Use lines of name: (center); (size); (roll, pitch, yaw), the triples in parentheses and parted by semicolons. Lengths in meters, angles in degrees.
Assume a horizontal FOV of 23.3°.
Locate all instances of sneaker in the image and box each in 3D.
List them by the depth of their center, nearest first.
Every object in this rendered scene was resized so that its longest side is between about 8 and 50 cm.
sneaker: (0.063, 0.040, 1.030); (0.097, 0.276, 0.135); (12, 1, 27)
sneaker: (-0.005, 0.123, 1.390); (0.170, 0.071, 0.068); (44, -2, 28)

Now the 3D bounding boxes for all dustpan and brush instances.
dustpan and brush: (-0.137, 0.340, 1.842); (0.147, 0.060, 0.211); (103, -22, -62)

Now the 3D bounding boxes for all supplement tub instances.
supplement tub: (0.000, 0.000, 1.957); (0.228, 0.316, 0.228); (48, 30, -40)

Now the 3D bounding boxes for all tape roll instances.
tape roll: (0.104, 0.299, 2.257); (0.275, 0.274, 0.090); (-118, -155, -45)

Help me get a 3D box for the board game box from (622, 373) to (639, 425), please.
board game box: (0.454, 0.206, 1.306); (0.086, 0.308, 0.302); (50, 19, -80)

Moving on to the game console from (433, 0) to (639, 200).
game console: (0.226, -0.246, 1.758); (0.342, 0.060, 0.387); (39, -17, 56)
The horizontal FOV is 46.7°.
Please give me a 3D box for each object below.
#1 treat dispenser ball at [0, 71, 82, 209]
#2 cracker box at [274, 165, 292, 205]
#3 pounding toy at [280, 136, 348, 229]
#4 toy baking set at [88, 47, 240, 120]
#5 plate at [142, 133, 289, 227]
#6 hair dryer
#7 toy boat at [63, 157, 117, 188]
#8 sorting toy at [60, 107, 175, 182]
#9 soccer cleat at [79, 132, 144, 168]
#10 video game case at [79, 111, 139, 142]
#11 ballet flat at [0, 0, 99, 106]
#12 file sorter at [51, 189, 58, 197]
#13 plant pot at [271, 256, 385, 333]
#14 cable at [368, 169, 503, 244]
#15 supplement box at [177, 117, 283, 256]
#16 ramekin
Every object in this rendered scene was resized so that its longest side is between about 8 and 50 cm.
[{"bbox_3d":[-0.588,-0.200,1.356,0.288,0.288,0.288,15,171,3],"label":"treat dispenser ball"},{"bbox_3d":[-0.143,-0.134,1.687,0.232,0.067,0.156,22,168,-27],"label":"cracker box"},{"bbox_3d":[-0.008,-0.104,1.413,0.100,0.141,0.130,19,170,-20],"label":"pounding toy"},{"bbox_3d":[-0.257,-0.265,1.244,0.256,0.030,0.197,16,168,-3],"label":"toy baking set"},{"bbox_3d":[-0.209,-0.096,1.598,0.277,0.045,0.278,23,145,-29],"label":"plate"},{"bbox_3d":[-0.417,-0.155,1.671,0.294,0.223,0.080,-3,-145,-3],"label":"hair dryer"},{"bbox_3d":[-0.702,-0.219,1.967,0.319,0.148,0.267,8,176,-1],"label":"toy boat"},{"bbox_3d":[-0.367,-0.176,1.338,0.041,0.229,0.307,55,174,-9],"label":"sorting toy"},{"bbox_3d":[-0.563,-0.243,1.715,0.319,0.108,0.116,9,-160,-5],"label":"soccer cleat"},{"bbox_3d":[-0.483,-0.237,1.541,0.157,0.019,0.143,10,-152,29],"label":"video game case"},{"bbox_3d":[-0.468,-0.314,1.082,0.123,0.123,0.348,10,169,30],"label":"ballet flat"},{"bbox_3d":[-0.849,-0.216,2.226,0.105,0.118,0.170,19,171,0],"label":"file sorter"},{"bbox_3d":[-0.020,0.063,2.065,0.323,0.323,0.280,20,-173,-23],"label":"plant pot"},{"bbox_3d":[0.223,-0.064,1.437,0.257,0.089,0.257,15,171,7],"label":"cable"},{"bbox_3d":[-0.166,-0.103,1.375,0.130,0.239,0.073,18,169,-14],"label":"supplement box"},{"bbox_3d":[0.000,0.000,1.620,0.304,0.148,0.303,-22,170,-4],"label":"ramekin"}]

What is expected:
Only lines of the data holding the word "center" go in the answer. Please copy each of them.

Exercise solution:
Use lines of name: (center); (size); (roll, pitch, yaw), the triples in parentheses and parted by semicolons. Lengths in meters, angles in degrees.
List them by the depth of their center, nearest first.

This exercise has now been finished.